Collected data entries
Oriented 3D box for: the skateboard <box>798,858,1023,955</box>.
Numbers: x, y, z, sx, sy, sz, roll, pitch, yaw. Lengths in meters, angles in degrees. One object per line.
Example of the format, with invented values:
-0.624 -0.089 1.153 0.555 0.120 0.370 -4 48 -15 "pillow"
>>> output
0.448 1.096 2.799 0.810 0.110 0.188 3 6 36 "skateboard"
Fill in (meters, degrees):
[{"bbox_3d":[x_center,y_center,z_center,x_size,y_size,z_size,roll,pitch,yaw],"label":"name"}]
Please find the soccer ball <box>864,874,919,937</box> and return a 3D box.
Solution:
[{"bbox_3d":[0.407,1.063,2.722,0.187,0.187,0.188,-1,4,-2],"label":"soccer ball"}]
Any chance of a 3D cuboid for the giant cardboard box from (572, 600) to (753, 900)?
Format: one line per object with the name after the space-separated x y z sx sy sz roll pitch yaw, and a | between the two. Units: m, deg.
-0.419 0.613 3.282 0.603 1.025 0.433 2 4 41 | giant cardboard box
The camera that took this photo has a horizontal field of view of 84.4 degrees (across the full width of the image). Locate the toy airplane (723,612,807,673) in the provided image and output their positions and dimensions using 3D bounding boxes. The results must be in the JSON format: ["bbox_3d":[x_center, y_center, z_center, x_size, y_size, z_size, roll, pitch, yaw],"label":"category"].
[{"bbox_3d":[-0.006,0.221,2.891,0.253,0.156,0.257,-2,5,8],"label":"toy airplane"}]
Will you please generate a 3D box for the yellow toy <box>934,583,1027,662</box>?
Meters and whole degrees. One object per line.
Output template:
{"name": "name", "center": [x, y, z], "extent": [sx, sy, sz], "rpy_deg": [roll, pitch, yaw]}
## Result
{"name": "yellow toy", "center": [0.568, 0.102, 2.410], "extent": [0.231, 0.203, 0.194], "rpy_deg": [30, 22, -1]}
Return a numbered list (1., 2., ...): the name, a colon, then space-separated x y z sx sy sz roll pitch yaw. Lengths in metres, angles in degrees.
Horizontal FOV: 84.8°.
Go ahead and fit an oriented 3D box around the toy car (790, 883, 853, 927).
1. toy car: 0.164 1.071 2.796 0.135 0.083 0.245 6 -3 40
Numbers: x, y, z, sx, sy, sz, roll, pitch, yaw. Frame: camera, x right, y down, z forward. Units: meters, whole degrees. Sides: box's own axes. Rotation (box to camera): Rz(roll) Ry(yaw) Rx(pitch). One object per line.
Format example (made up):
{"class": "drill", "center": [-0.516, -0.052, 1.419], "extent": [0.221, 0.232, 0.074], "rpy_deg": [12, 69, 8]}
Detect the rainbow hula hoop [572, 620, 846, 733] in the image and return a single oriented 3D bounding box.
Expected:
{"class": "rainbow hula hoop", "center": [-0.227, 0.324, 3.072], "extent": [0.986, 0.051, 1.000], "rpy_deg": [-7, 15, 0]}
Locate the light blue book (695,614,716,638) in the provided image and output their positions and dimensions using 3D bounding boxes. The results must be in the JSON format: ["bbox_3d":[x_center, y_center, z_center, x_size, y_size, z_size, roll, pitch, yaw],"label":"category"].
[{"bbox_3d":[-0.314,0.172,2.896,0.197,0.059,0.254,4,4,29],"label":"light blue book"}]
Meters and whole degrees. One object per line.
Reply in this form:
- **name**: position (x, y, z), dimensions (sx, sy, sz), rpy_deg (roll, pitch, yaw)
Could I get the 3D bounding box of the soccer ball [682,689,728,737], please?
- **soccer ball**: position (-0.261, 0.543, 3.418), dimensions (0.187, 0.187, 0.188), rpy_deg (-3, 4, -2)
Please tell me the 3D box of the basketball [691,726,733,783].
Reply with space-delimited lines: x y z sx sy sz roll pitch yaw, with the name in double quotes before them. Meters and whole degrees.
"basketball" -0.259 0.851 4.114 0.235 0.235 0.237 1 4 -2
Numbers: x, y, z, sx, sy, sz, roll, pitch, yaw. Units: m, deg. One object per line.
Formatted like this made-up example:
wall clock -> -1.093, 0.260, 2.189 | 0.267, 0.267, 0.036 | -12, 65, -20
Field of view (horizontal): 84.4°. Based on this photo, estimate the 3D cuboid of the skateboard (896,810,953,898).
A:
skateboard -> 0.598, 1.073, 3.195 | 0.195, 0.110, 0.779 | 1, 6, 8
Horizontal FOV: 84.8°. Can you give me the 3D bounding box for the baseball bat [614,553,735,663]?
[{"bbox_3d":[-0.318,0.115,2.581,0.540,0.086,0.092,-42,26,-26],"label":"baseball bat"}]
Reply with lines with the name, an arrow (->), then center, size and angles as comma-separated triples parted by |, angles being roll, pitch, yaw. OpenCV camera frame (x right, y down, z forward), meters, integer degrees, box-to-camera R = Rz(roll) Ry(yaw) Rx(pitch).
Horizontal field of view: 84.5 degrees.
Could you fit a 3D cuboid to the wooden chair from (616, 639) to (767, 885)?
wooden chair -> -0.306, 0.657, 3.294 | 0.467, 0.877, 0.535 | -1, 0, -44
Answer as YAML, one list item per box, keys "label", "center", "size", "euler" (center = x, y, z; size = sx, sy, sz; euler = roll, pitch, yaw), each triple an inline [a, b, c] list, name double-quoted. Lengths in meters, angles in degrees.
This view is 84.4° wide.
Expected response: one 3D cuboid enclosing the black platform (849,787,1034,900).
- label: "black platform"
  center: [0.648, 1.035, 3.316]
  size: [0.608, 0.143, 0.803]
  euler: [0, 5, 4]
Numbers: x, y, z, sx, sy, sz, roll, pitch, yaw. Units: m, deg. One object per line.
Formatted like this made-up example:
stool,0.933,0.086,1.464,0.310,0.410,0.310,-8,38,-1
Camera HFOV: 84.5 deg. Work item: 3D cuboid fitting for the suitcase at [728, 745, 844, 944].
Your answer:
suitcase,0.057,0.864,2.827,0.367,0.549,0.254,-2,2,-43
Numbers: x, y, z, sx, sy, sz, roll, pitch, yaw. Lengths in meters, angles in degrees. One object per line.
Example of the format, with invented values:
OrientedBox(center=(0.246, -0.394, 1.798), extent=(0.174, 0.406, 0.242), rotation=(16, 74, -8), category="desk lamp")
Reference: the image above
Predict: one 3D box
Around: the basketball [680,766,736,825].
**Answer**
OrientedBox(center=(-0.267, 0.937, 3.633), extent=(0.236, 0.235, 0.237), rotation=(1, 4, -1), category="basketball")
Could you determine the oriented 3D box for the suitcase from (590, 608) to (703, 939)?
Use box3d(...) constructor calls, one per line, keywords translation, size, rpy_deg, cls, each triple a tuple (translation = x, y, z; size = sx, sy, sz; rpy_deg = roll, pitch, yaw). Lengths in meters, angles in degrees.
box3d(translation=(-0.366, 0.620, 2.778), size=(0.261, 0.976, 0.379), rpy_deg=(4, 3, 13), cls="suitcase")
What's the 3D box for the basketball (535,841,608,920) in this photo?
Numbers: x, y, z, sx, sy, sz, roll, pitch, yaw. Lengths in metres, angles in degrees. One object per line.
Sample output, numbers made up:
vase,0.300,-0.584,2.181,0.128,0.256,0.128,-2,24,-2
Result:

§ **Your task**
Exactly as written, repeat each line from the beginning of the data above to the line containing "Any chance of", inclusive.

§ **Answer section**
Oriented 3D box for: the skateboard <box>798,858,1023,955</box>.
Numbers: x, y, z, sx, sy, sz, roll, pitch, yaw. Lengths in meters, angles in degrees. One object per line.
Example of the format, with invented values:
-0.624 -0.089 1.153 0.555 0.120 0.370 -4 48 -15 "pillow"
>>> output
0.448 1.096 2.799 0.810 0.110 0.188 3 6 36 "skateboard"
Fill in (meters, degrees):
[{"bbox_3d":[x_center,y_center,z_center,x_size,y_size,z_size,roll,pitch,yaw],"label":"name"}]
Please find the soccer ball <box>864,874,919,937</box> and return a 3D box.
Solution:
[{"bbox_3d":[0.407,1.063,2.722,0.187,0.187,0.188,-1,4,-2],"label":"soccer ball"}]
Any chance of a 3D cuboid for the giant cardboard box from (572, 600) to (753, 900)?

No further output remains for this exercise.